В первые же дни приключился скандал. Это когда она, заметив, что в помойное ведро летят целые, не надкусанные куски хлеба, ужаснулась увиденному. И стала их перебирать. Те, к которым прилипали макароны, или картофель, или крупа из гарнира, отряхивала и снова аккуратно укладывала на поднос хлеборезки. Хлеборезка с пухлыми голубыми от татуировки руками ухмылялась да помалкивала.
В конце концов, одна из посетительниц столовой увидела это. Что тут началось! Женщины выскакивали из-за столов, выплевывая разжеванный хлеб и зажимая рты. Кто-то требовал деньги обратно. Шум из-за новенькой тогда получился большой…

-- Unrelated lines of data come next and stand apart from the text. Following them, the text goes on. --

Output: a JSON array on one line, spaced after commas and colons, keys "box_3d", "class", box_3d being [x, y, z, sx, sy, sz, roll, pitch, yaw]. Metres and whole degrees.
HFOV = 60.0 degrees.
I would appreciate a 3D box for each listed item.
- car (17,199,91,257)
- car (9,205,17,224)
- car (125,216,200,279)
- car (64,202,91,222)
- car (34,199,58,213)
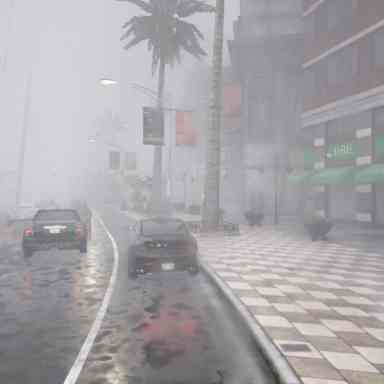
[{"box_3d": [-5.187, 1.347, 13.290, 2.097, 1.767, 4.553, 0, 0, -15], "class": "car"}, {"box_3d": [-12.091, 1.515, 24.431, 1.812, 1.442, 4.674, 0, 0, -18], "class": "car"}, {"box_3d": [-1.037, 1.503, 10.202, 1.837, 1.490, 4.892, 0, 0, -11], "class": "car"}, {"box_3d": [-9.381, 1.556, 27.402, 1.994, 1.385, 4.181, 0, 0, -18], "class": "car"}, {"box_3d": [-16.655, 1.533, 38.228, 2.033, 1.411, 5.357, 0, 0, -18], "class": "car"}]

Иногда среди посетителей Хавроша видела модно одетых парней и девчат. Тогда она тихо радостно улыбалась: ведь это были ее старые хорошие знакомые. Они напоминали ей студентов, мывшихся в бане. Только парня с ореховыми глазами она никак не могла встретить между ними.
Вообще, Хавроша в конце концов полюбила посетителей большого кафе так же, как когда-то любила егорятинских мужиков и баб, посетителей её бани.

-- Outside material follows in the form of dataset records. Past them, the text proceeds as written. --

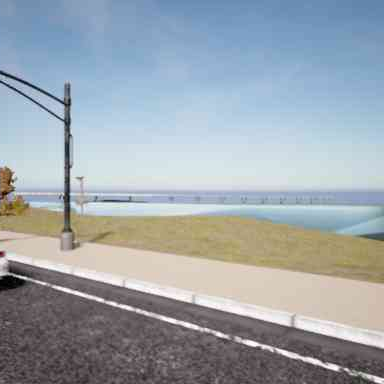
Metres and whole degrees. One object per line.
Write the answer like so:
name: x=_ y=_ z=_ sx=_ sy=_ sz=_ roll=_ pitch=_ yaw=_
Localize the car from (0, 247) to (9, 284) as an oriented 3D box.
car: x=-6.278 y=1.526 z=8.162 sx=4.674 sy=1.442 sz=1.812 roll=0 pitch=0 yaw=36
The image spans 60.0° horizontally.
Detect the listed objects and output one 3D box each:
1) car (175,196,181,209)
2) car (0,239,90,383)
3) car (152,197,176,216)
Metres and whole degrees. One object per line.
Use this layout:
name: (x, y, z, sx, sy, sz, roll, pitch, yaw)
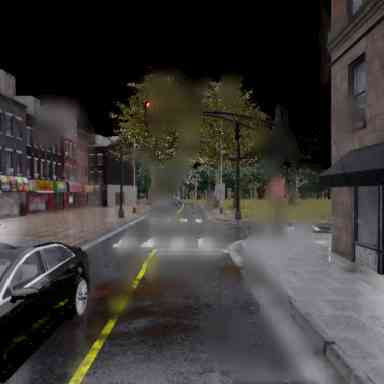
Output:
car: (-2.927, 1.554, 47.493, 1.882, 1.535, 5.008, 0, 0, 0)
car: (-2.859, 1.492, 4.553, 2.128, 1.511, 4.902, 0, 0, 0)
car: (-2.914, 1.515, 33.800, 1.882, 1.535, 5.008, 0, 0, -1)

Но чем дольше работала она в кафе, тем больше с ней начинало твориться неладное. Убирая со столов, Хавроша с тревогой оглядывалась по сторонам. Порой она замирала, и по ее круглому личику пробегала тень.

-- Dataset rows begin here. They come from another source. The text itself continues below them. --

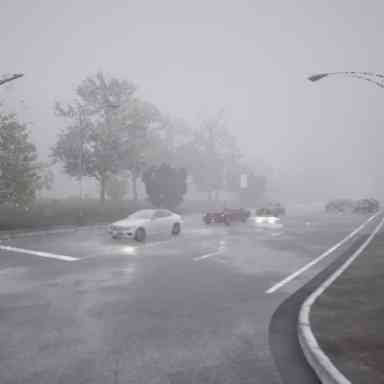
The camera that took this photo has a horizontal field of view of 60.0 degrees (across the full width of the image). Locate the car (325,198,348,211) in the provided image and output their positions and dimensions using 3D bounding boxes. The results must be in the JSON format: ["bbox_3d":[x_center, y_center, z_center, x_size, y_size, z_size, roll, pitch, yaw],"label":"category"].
[{"bbox_3d":[18.801,1.674,43.771,1.837,1.490,4.892,-1,-1,32],"label":"car"}]

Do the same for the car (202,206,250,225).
[{"bbox_3d":[2.650,1.706,25.069,1.895,1.301,4.718,-1,0,33],"label":"car"}]

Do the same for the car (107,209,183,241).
[{"bbox_3d":[-2.294,1.626,17.476,1.812,1.442,4.674,-1,0,34],"label":"car"}]

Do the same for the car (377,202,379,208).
[{"bbox_3d":[26.583,1.748,49.490,2.033,1.411,5.357,-1,-1,32],"label":"car"}]

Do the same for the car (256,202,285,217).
[{"bbox_3d":[7.965,1.694,33.477,1.994,1.385,4.181,-1,-1,31],"label":"car"}]

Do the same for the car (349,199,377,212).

Хаврошечка была не слепая и видела, как тощие утром и разбухающие к вечеру хозяйственные сумки уплывали в руках уходящих на заслуженный отдых работников кафе – начиная с добродушной толстой заведующей и кончая судомойкой. В сумках лежали крупные птичьи тушки, банки с наваристым бульоном и снятыми сливками.
Когда Хавроше для начала предложили две пачки сливочного масла и килограмм красного, как кровь, фарша, та от великого стыда и страха затрясла головой. «Маленько не в себе», – решили в кафе и отступились от нее. Но полюбили и тоже стали называть ласково Хаврошечкой.
А посетители жевали котлеты из прокрученных сухарей и несвежего сала, покорно глотали сметану, смешанную с кефиром, пили компоты из фруктов, списанных в отходы, с сомнением разглядывали извлеченную из щей косточку, похоже, не раз до этого попутешествовавшую по чужим тарелкам. В последнее время популярным среди посетителей был анекдот о раздатчице, угодившей в психушку. Говорили, несчастная сошла с ума, когда, привычно накладывая в тарелки второе, услышала над своим ухом произнесенное громовым, раскатистым голосом: «Контр-рольное блюдо!»
Сами работники кафе кушали еду, приготовленную для себя на отдельном противне и в отдельной кастрюле, на которых, чтобы, не дай бог, не спутать с обычной посудой, снаружи глубоко было выцарапано «специальная».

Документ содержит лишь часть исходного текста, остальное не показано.